A proteína ASCC2, também chamada de Proteína Cointegradora de Ativação de Sinal (hASC-1), foi originalmente isolada como um coativador de RNs. ASC-1 tem um papel essencial na transativação de AP-1, SRF e NF-kB para mediar a transrepressão entre RNs e e essas proteínas in vivo (JUNG et al., 2002).

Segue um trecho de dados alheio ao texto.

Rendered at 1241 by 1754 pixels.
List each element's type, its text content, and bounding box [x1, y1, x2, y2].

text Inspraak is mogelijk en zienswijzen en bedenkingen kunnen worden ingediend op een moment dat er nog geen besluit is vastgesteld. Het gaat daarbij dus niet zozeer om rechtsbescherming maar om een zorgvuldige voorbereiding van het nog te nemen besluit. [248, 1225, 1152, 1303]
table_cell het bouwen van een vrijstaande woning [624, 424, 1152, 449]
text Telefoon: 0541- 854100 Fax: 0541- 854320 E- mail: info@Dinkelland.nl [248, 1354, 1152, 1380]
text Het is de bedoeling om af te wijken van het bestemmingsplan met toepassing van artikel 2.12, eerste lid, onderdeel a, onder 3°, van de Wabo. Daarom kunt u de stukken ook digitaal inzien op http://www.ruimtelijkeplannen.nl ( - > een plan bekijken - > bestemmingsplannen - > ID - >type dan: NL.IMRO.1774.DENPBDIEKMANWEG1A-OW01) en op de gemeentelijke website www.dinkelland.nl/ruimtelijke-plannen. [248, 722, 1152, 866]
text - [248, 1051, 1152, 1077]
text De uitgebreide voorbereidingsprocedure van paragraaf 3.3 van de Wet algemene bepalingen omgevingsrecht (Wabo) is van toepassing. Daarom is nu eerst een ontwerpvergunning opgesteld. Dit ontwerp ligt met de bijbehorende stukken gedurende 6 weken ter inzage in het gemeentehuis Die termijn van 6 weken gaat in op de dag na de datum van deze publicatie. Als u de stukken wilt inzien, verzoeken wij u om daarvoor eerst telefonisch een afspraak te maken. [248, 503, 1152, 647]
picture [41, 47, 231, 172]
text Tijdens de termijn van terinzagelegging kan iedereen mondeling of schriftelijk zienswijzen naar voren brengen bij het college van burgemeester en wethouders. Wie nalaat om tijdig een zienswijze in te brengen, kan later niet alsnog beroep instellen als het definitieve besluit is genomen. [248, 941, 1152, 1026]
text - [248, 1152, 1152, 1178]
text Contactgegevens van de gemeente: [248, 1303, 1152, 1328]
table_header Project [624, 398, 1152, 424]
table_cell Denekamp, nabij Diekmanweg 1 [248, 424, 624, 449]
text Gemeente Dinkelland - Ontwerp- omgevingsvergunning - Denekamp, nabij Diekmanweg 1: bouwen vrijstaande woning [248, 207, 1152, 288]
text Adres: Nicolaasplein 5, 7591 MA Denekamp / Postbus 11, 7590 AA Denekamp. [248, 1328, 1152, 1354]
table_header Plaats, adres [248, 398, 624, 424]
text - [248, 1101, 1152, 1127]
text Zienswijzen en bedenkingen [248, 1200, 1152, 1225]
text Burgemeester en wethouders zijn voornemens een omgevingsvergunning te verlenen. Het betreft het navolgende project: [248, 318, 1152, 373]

Foram encontradas também duas proteínas que fazem parte da mesma família de proteínas mitocondriais, as translocases de membrana interna a TIMM8A e TIMM10B (também chamada de FXC1). TIMM8a se liga à TIMM13 no espaço intermembranas mitocondriais para formar um complexo de 70 kDa, isso facilita a importação do substrato TIMM23, para essa localização. Além disso, a TIMM8A é uma proteína que parece ser necessária para o desenvolvimento neurológico (ROESCH et al., 2004; ROTHBAUER et al., 2001). Já a TIMM10B, é um componente do complexo TIM22 que media a importação e inserção de proteínas transmembranas na membrana interna da mitocôndria. Esse complexo é uma translocase de poros duplos que se utiliza da força do potencial de membrana para realizar suas funções. Em adição a isso, o complexo também funciona como ancora para o complexo de 70 kDa (TIMM8a e TIMM13) (MÜHLENBEIN et al., 2004). Como mencionado anteriormente, os TRs estão presentes e conseguem atuar dentro da mitocôndria de células cardíacas, se ligando à sequencias HRE no DNA mitocondrial (ARDAIL et al., 1993; MORRISH et al., 2006), apesar desta função e sublocalização celular serem pouco estudadas.

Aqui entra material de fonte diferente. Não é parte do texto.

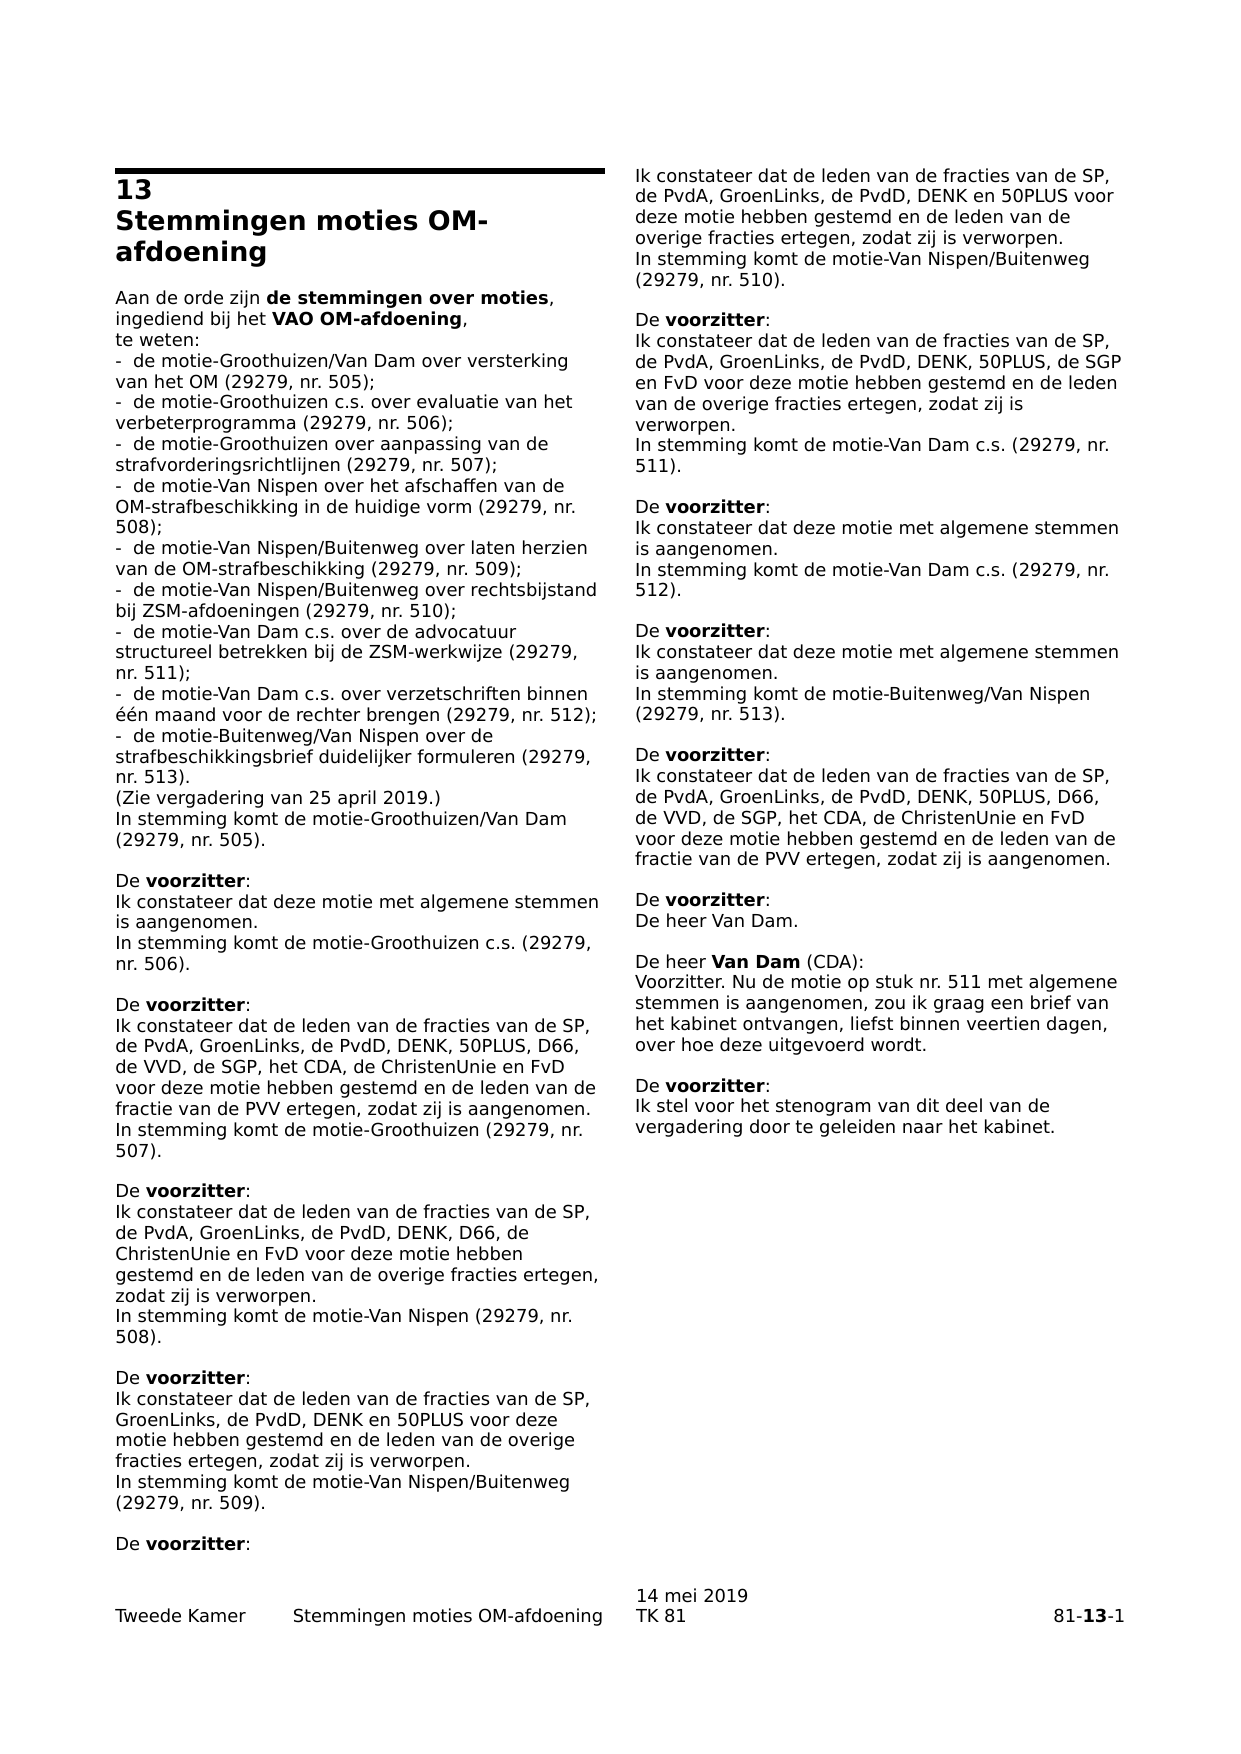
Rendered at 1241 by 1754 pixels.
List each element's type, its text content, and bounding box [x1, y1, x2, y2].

text te weten: [115, 330, 605, 351]
text In stemming komt de motie-Groothuizen/Van Dam (29279, nr. 505). [115, 809, 605, 851]
list de motie-Van Nispen over het afschaffen van de OM-strafbeschikking in de huidige vorm (29279, nr. 508); [115, 476, 605, 538]
text De heer Van Dam (CDA): [635, 951, 1125, 972]
text Ik constateer dat de leden van de fracties van de SP, de PvdA, GroenLinks, de PvdD, DENK, 50PLUS, D66, de VVD, de SGP, het CDA, de ChristenUnie en FvD voor deze motie hebben gestemd en de leden van de fractie van de PVV ertegen, zodat zij is aangenomen. [635, 766, 1125, 870]
text Ik constateer dat de leden van de fracties van de SP, de PvdA, GroenLinks, de PvdD, DENK en 50PLUS voor deze motie hebben gestemd en de leden van de overige fracties ertegen, zodat zij is verworpen. [635, 165, 1125, 249]
text Ik constateer dat de leden van de fracties van de SP, de PvdA, GroenLinks, de PvdD, DENK, 50PLUS, de SGP en FvD voor deze motie hebben gestemd en de leden van de overige fracties ertegen, zodat zij is verworpen. [635, 331, 1125, 435]
text Ik constateer dat de leden van de fracties van de SP, de PvdA, GroenLinks, de PvdD, DENK, D66, de ChristenUnie en FvD voor deze motie hebben gestemd en de leden van de overige fracties ertegen, zodat zij is verworpen. [115, 1202, 605, 1306]
text De voorzitter: [115, 1533, 605, 1554]
text Ik constateer dat de leden van de fracties van de SP, de PvdA, GroenLinks, de PvdD, DENK, 50PLUS, D66, de VVD, de SGP, het CDA, de ChristenUnie en FvD voor deze motie hebben gestemd en de leden van de fractie van de PVV ertegen, zodat zij is aangenomen. [115, 1015, 605, 1119]
text Ik constateer dat deze motie met algemene stemmen is aangenomen. [635, 518, 1125, 559]
text De voorzitter: [635, 497, 1125, 518]
list de motie-Van Nispen/Buitenweg over laten herzien van de OM-strafbeschikking (29279, nr. 509); [115, 538, 605, 580]
text De voorzitter: [115, 1181, 605, 1202]
text De voorzitter: [635, 890, 1125, 911]
text De voorzitter: [635, 745, 1125, 766]
text In stemming komt de motie-Van Dam c.s. (29279, nr. 512). [635, 559, 1125, 601]
text Ik constateer dat de leden van de fracties van de SP, GroenLinks, de PvdD, DENK en 50PLUS voor deze motie hebben gestemd en de leden van de overige fracties ertegen, zodat zij is verworpen. [115, 1388, 605, 1472]
list de motie-Van Dam c.s. over verzetschriften binnen één maand voor de rechter brengen (29279, nr. 512); [115, 684, 605, 726]
list de motie-Buitenweg/Van Nispen over de strafbeschikkingsbrief duidelijker formuleren (29279, nr. 513). [115, 726, 605, 788]
list de motie-Van Nispen/Buitenweg over rechtsbijstand bij ZSM-afdoeningen (29279, nr. 510); [115, 580, 605, 621]
text In stemming komt de motie-Van Nispen (29279, nr. 508). [115, 1306, 605, 1348]
text Voorzitter. Nu de motie op stuk nr. 511 met algemene stemmen is aangenomen, zou ik graag een brief van het kabinet ontvangen, liefst binnen veertien dagen, over hoe deze uitgevoerd wordt. [635, 972, 1125, 1056]
text De heer Van Dam. [635, 911, 1125, 931]
text In stemming komt de motie-Van Dam c.s. (29279, nr. 511). [635, 435, 1125, 477]
text De voorzitter: [635, 310, 1125, 331]
text Aan de orde zijn de stemmingen over moties, ingediend bij het VAO OM-afdoening, [115, 288, 605, 330]
text (Zie vergadering van 25 april 2019.) [115, 788, 605, 809]
text De voorzitter: [635, 1076, 1125, 1096]
text De voorzitter: [115, 995, 605, 1015]
title 13 Stemmingen moties OM-afdoening [115, 174, 605, 268]
list de motie-Groothuizen c.s. over evaluatie van het verbeterprogramma (29279, nr. 506); [115, 392, 605, 434]
list de motie-Van Dam c.s. over de advocatuur structureel betrekken bij de ZSM-werkwijze (29279, nr. 511); [115, 621, 605, 684]
text In stemming komt de motie-Van Nispen/Buitenweg (29279, nr. 509). [115, 1472, 605, 1513]
text Ik constateer dat deze motie met algemene stemmen is aangenomen. [115, 891, 605, 933]
text Ik stel voor het stenogram van dit deel van de vergadering door te geleiden naar het kabinet. [635, 1096, 1125, 1138]
text De voorzitter: [635, 621, 1125, 642]
text In stemming komt de motie-Groothuizen (29279, nr. 507). [115, 1119, 605, 1161]
text De voorzitter: [115, 871, 605, 891]
text In stemming komt de motie-Van Nispen/Buitenweg (29279, nr. 510). [635, 249, 1125, 290]
text In stemming komt de motie-Buitenweg/Van Nispen (29279, nr. 513). [635, 683, 1125, 725]
text In stemming komt de motie-Groothuizen c.s. (29279, nr. 506). [115, 933, 605, 975]
list de motie-Groothuizen over aanpassing van de strafvorderingsrichtlijnen (29279, nr. 507); [115, 434, 605, 476]
list de motie-Groothuizen/Van Dam over versterking van het OM (29279, nr. 505); [115, 351, 605, 392]
text Ik constateer dat deze motie met algemene stemmen is aangenomen. [635, 642, 1125, 683]
text De voorzitter: [115, 1368, 605, 1388]

Importante mencionar que estas interações encontradas para TRα e TRβ sinalizam para funções adicionais destes receptores, além de desvendar novas vias que podem ser reguladas por estes receptores. Dessas 11 interações encontradas para isoforma , 3 se apresentam interagindo também com a isoforma , L1TD1, TIMM8a e COG2. Isso mostra que apesar de serem isoformas diferentes, conseguem interagir com as mesmas proteínas em alguns casos. Esse mesmo padrão de interação se repetiu no número de peptídeos encontrados na imunoprecipitação, como será discutido adiante.